The Renaissance-style chateau is built on a small island in the Boutonne River, which may have been a good idea from a defence point of view, when it was built in 995 AD (!!) but it has been at the mercy of the river ever since then, with frequent flooding and marshy ground underfoot taking their toll. The last and almost final disaster to strike was a terrible fire in 1992 which nearly destroyed the whole place. The village folk rallied round and most of the 17th century furniture was saved, including some incredible 18th century tapestries and some priceless artwork. The chateau has been rebuilt several times in its life, but the present building dates from about 1550 AD. The ground floor is mainly reception rooms and the kitchen, with bedrooms and sitting rooms on the first floor, while the enormous attic space houses a collection of artefacts from all around the world, collected by one or another of the owners at various times. And then there are the gardens. Once beautifully laid out formal gardens, they went through a period of neglect and flooding and are only now being restored Perfectly clipped hedges form a labyrinthine maze to the rear of the chateau, while behind that is a long curved hedge with arches cut in it. Behind each arch stands a perfectly formed ball shaped shrub, and the disciplined rows of planted woodland taper off into the distance. Keeping it looking like it does must involve a huge amount of work, and expense, in a country where workers are few and labour costs plenty.

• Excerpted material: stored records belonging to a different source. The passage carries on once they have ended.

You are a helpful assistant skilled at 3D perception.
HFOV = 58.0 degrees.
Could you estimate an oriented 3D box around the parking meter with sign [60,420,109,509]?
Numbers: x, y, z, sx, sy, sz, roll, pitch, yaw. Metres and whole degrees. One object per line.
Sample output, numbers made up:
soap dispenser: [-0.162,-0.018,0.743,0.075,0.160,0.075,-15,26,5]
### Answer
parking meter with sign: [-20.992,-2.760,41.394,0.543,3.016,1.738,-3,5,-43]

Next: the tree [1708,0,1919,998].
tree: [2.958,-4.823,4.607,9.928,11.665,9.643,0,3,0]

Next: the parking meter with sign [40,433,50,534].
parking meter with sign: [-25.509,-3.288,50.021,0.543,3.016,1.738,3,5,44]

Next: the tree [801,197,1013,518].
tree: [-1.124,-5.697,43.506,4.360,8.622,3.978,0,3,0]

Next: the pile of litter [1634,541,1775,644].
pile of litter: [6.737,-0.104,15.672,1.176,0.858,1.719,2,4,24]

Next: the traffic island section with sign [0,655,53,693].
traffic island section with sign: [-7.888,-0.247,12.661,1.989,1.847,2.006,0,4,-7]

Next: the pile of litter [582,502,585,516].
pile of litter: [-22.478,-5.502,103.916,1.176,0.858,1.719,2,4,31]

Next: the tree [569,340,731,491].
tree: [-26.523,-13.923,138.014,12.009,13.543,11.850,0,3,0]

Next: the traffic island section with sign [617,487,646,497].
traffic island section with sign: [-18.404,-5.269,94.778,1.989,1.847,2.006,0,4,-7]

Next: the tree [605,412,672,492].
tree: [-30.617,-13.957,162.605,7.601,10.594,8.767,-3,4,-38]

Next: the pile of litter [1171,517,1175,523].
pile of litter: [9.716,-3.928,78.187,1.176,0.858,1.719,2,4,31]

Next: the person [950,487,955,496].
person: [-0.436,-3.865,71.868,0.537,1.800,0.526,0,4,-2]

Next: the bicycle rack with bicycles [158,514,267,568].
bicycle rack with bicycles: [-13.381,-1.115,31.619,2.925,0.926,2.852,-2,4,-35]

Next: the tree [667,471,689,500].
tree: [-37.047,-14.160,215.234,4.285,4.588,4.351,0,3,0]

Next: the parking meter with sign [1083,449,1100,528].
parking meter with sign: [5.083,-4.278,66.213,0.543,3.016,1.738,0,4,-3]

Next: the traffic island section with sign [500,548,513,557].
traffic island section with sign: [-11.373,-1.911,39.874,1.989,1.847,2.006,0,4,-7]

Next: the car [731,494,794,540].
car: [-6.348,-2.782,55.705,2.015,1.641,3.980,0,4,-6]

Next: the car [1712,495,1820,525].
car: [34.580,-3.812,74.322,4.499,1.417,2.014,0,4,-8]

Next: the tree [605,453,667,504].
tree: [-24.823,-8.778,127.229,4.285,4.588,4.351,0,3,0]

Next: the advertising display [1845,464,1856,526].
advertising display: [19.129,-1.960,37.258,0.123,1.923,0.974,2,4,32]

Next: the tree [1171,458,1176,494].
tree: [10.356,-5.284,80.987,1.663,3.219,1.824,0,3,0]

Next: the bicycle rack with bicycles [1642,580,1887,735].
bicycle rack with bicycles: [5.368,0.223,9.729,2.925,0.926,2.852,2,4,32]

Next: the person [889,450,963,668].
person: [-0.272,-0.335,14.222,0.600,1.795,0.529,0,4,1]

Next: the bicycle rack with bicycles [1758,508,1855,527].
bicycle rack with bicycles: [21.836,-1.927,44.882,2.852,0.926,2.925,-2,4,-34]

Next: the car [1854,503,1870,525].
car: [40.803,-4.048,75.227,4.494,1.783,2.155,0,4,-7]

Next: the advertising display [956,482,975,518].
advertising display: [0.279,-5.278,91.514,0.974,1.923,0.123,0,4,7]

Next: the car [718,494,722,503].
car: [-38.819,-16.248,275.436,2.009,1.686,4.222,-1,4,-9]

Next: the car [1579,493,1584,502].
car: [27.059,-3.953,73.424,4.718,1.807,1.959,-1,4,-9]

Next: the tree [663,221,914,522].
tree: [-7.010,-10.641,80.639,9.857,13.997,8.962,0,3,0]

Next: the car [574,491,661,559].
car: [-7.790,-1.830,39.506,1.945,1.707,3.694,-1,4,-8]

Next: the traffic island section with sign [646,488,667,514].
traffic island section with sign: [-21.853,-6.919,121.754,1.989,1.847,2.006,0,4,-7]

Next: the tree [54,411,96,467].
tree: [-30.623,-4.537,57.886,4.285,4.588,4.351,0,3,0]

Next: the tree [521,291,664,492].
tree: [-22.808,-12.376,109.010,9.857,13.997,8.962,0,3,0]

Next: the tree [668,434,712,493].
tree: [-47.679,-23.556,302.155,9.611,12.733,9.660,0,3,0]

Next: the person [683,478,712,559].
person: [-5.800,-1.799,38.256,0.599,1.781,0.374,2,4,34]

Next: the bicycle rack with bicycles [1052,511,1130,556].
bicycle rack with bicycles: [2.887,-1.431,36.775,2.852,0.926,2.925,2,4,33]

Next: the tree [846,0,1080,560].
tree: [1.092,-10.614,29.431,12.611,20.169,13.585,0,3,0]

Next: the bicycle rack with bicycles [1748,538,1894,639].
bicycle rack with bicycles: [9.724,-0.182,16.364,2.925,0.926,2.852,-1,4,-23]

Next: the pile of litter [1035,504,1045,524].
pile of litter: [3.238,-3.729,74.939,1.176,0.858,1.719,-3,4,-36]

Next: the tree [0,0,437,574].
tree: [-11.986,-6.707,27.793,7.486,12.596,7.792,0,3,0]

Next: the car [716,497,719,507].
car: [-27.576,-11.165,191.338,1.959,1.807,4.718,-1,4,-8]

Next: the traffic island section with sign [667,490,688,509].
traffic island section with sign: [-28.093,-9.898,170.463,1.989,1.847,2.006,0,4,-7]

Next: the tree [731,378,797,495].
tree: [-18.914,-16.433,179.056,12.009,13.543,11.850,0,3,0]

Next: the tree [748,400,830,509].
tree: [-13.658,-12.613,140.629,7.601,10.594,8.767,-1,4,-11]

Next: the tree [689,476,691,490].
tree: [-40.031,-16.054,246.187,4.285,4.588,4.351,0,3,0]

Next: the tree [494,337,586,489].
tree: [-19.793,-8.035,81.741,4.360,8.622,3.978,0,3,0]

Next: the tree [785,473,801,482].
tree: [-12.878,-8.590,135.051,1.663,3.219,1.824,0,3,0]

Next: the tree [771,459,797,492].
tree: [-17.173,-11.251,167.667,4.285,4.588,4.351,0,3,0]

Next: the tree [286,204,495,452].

The only really good day of the week was Sunday so we leapt into the car and pointed the nose east. We had been asked to go and find a motor-racing circuit known as Val de Vienne about 45 kilometres away and to report back on the facilities. We were not impressed with ‘Jane’ as she had never heard of it,  but we asked her for the nearest town and then found it ourselves – eventually. Seemingly in the middle of nowhere this track appears to be well-maintained and well-used. There was a motor-cycle meeting on the go when we arrived, so we got out to have a look. Was that ever a mistake?? The wind, from which we had been protected while in the car, was absolutely icy and although we both had on fleeces over our jerseys, it was just too cold to sit and watch the racers with any sort of enjoyment.

On the way home we stopped briefly at St Martin l’Ars when we caught sight of a splendid chateau through the trees. But once again, it proved to be a derelict building looking very sad and forgotten. One can only guess at the wealth that the original owners must have had to own and run a place of this size. Obviously the current owners are unable to do so. So sad.